Mi esposo era millonario, controlador y ausente. Siempre ocupado, siempre de viaje. Y yo, encerrada en esa mansión fría, sola, aburrida… y caliente. La única distracción era Darwin, el nuevo chofer que contratamos hace unos meses. Un hombre afrodescendiente, de cuerpo enorme, espalda ancha y mirada oscura. Educado, serio… pero cuando se quitaba el saco para lavar el auto, con los músculos tensos y el pantalón mojado, no podía dejar de mojarme solo de verlo.

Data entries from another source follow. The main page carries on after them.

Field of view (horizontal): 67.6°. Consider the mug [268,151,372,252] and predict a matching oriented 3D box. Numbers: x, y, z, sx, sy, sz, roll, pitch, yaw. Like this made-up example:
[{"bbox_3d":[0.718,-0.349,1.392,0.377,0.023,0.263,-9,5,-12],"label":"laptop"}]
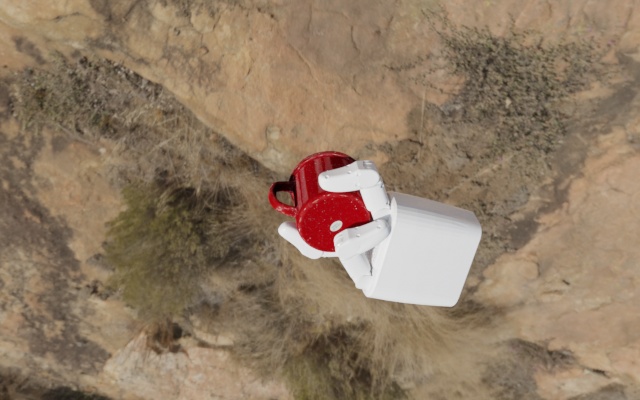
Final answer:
[{"bbox_3d":[-0.001,0.002,0.534,0.117,0.093,0.081,10,32,-12],"label":"mug"}]
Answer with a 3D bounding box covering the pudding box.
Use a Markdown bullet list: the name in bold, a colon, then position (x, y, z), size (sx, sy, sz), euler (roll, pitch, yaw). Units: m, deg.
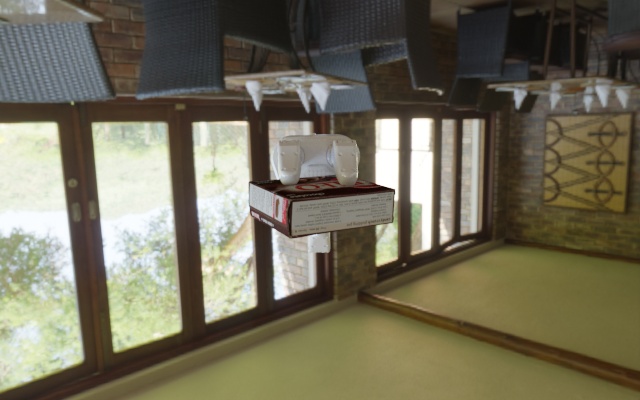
- **pudding box**: position (0.000, 0.002, 0.451), size (0.113, 0.039, 0.090), euler (-8, 15, -29)
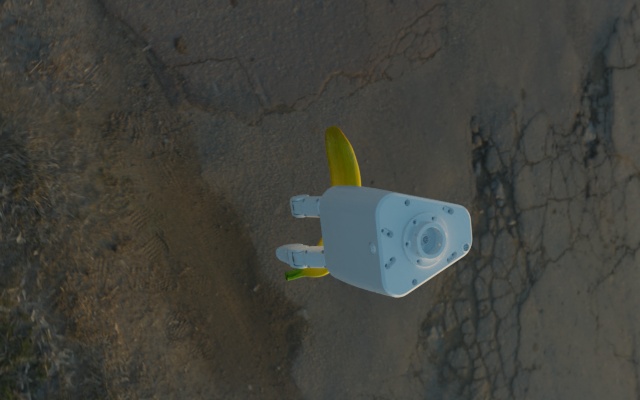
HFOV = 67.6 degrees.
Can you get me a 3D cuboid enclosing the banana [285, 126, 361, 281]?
[{"bbox_3d":[0.016,0.010,0.582,0.069,0.198,0.037,17,-4,-17],"label":"banana"}]
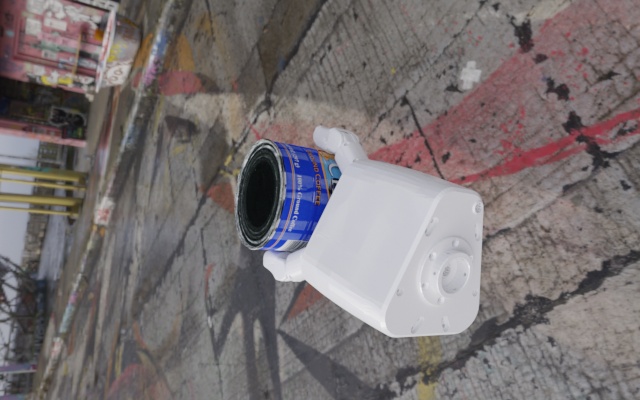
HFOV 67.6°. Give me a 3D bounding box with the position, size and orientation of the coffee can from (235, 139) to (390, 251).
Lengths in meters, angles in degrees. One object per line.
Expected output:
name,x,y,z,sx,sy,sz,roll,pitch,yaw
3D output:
coffee can,0.000,0.001,0.473,0.140,0.103,0.103,7,-4,-32
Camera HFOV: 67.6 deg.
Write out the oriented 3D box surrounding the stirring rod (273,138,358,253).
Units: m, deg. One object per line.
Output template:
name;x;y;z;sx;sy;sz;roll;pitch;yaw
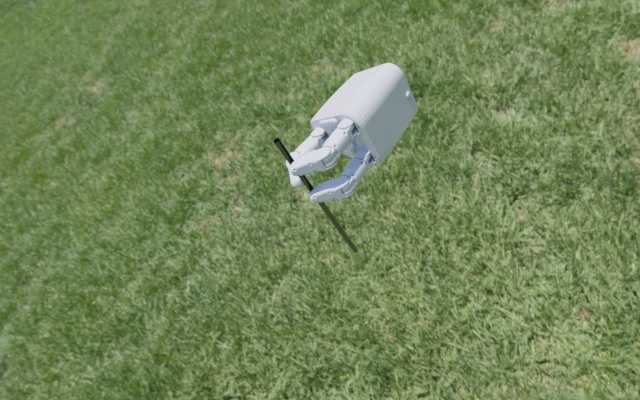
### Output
stirring rod;0.000;0.002;0.660;0.011;0.011;0.240;0;-39;35
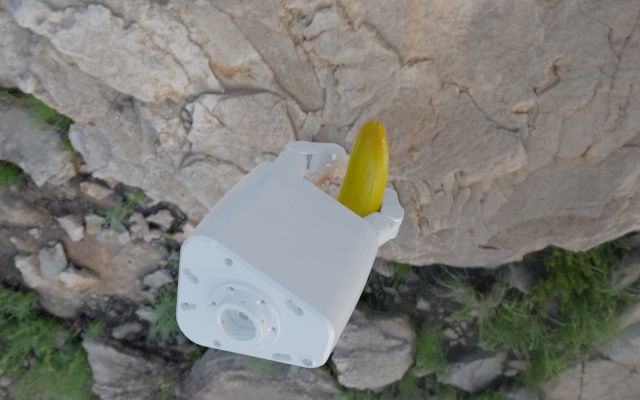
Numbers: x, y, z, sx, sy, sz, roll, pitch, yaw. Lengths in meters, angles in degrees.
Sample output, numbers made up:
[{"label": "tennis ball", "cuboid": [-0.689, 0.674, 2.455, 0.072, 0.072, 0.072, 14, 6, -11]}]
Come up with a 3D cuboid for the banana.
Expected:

Una tarde, después de llevarme al spa, lo invité a pasar a la casa “a tomar algo”. Se negó al principio. “Señora, esto no está bien”, dijo. Me acerqué, le toqué el pecho y le dije: “No soy tu señora. Hoy, soy tuya.” Lo besé. Su resistencia cayó en segundos. Me alzó como si no pesara nada, me apoyó contra la pared del pasillo, y comenzó a devorarme los labios. Me arrancó la blusa, bajó mi pantalón y metió sus dedos con una fuerza deliciosa. “Estás tan mojada como lo imaginé”, murmuró.
Me arrodillé frente a él. Su polla era monstruosa. Nunca había visto una así. Me costaba meterla entera en la boca, pero lo intenté, babeando, gemiendo, dejándome usar. Me sujetó del cabello y me la metió más y más, hasta que sentí sus testículos contra mi barbilla. “Qué mujer blanca tan obediente”, me decía. Me corrí sin tocarme.
Me llevó al escritorio de mi esposo. Me puso en cuatro sobre sus papeles. “Ahora sí vas a saber lo que es que te rompan de verdad.” Me escupió el trasero, lo abrió con los dedos, y comenzó a meter su polla lentamente, hasta que entró completa. Grité de placer y dolor mezclados. Me sujetó de la cintura y comenzó a follarme duro, sin piedad. Me dio nalgadas, me decía obscenidades, me hacía gemir como una perra en celo. Me corrí dos veces, temblando. Él terminó dentro de mí, profundo, caliente.
Al final, me limpió con un pañuelo de mi esposo, se subió el cierre y me dijo al oído: “Cuando él se vaya de nuevo, sabes que solo necesitas llamarme.” Y lo hice. Lo sigo haciendo. Porque Darwin no es solo mi chofer. Es mi dueño… y me hace sentir viva.